MATERIALS PROVIDED —
- Opening Delimiter -

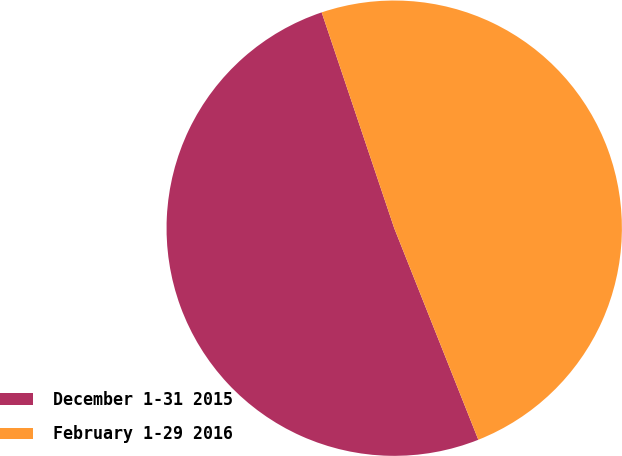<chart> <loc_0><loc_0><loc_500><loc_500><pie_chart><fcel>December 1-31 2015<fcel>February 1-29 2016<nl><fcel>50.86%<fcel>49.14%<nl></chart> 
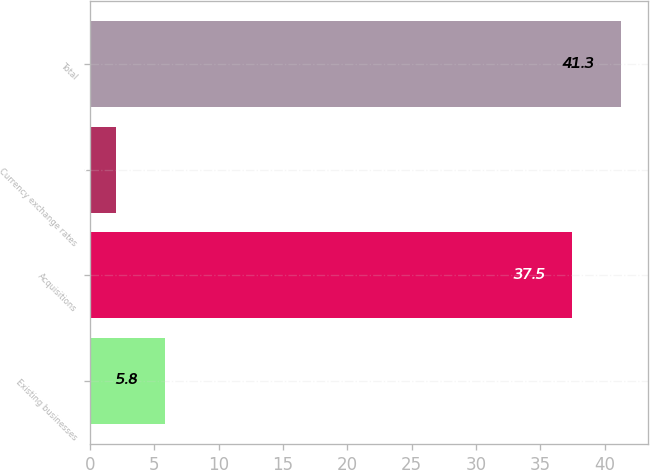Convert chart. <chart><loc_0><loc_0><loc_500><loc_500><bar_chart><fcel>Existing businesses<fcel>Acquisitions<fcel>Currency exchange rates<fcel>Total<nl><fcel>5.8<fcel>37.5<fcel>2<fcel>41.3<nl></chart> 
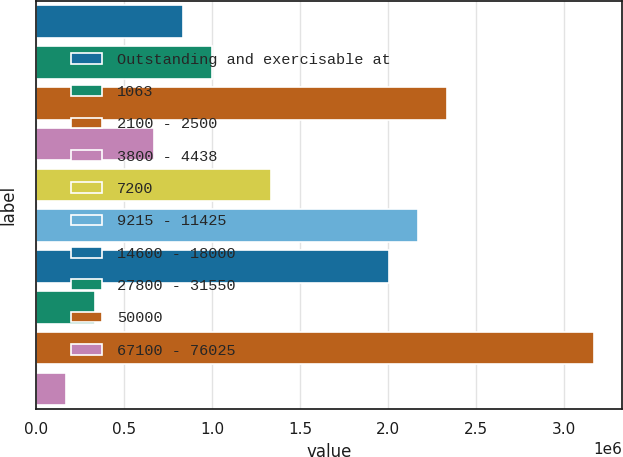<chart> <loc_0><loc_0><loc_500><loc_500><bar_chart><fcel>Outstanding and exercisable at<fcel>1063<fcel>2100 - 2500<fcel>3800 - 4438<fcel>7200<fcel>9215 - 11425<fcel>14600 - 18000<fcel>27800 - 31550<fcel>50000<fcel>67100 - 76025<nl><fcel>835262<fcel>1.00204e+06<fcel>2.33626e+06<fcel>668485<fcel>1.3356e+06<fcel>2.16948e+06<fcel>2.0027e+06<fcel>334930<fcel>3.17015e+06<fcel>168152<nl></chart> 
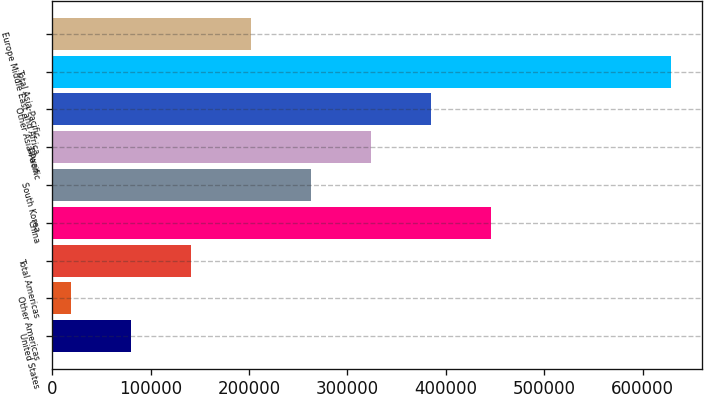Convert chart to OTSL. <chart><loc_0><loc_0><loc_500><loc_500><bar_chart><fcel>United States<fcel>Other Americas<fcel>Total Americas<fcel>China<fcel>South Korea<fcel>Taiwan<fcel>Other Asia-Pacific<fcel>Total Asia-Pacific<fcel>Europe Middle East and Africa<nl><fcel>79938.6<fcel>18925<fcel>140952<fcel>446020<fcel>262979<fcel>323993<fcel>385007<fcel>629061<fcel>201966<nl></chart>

- Closing Delimiter -
- Opening Delimiter -

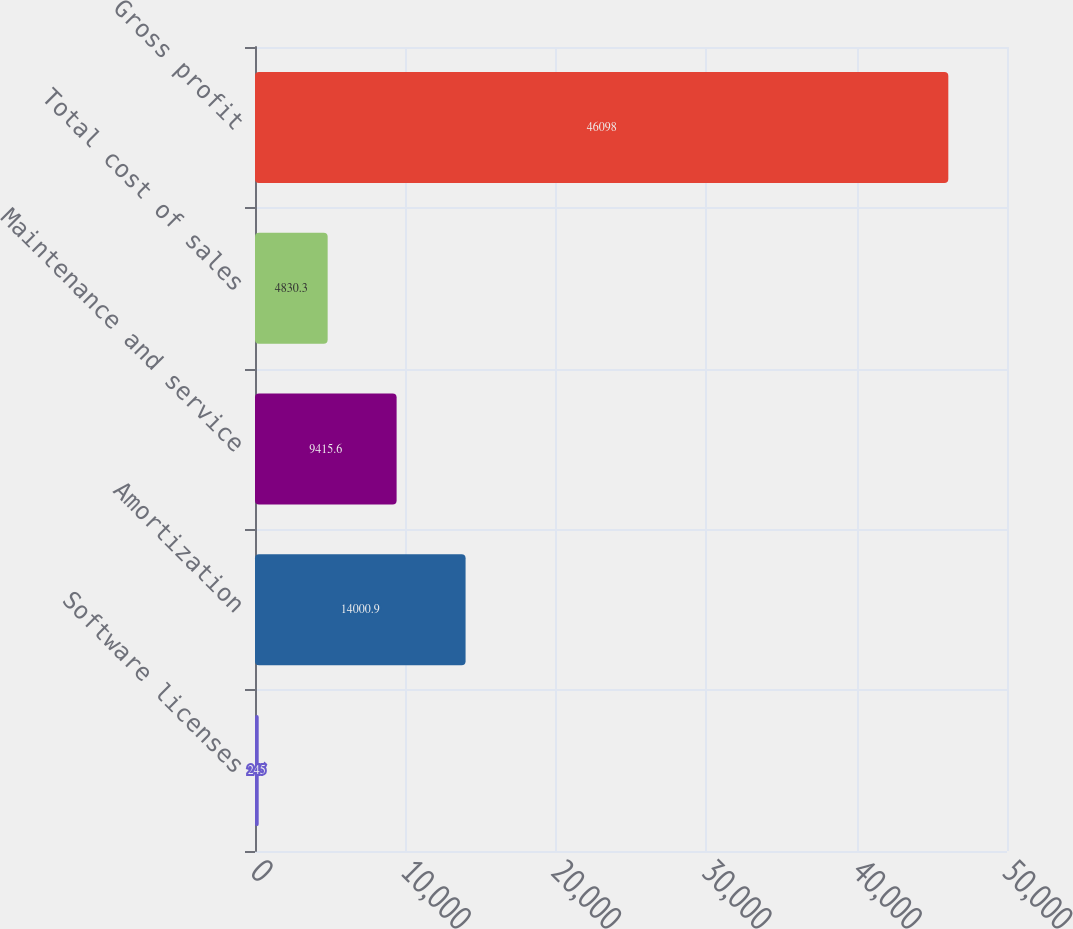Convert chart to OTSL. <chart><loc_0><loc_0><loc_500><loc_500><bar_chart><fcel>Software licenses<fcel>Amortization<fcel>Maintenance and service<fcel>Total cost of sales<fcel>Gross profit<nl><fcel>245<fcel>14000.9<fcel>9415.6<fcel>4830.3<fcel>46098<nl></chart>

- Closing Delimiter -

PROBLEM DETAILS —
For this exercise, please set down exactly the lines of the listing above from the line with "1-31 2015<fcel>February 1-29" up to and including the line with "Asia-Pacific<fcel>Total Asia-Pacific<fcel>Europe Middle", and no pictures.

TASK RESPONSE —
<chart> <loc_0><loc_0><loc_500><loc_500><pie_chart><fcel>December 1-31 2015<fcel>February 1-29 2016<nl><fcel>50.86%<fcel>49.14%<nl></chart> 
Convert chart. <chart><loc_0><loc_0><loc_500><loc_500><bar_chart><fcel>Existing businesses<fcel>Acquisitions<fcel>Currency exchange rates<fcel>Total<nl><fcel>5.8<fcel>37.5<fcel>2<fcel>41.3<nl></chart> 
<chart> <loc_0><loc_0><loc_500><loc_500><bar_chart><fcel>Outstanding and exercisable at<fcel>1063<fcel>2100 - 2500<fcel>3800 - 4438<fcel>7200<fcel>9215 - 11425<fcel>14600 - 18000<fcel>27800 - 31550<fcel>50000<fcel>67100 - 76025<nl><fcel>835262<fcel>1.00204e+06<fcel>2.33626e+06<fcel>668485<fcel>1.3356e+06<fcel>2.16948e+06<fcel>2.0027e+06<fcel>334930<fcel>3.17015e+06<fcel>168152<nl></chart> 
Convert chart to OTSL. <chart><loc_0><loc_0><loc_500><loc_500><bar_chart><fcel>United States<fcel>Other Americas<fcel>Total Americas<fcel>China<fcel>South Korea<fcel>Taiwan<fcel>Other Asia-Pacific<fcel>Total Asia-Pacific<fcel>Europe Middle East and Africa<nl><fcel>79938.6<fcel>18925<fcel>140952<fcel>446020<fcel>262979<fcel>323993<fcel>385007<fcel>629061<fcel>201966<nl></chart>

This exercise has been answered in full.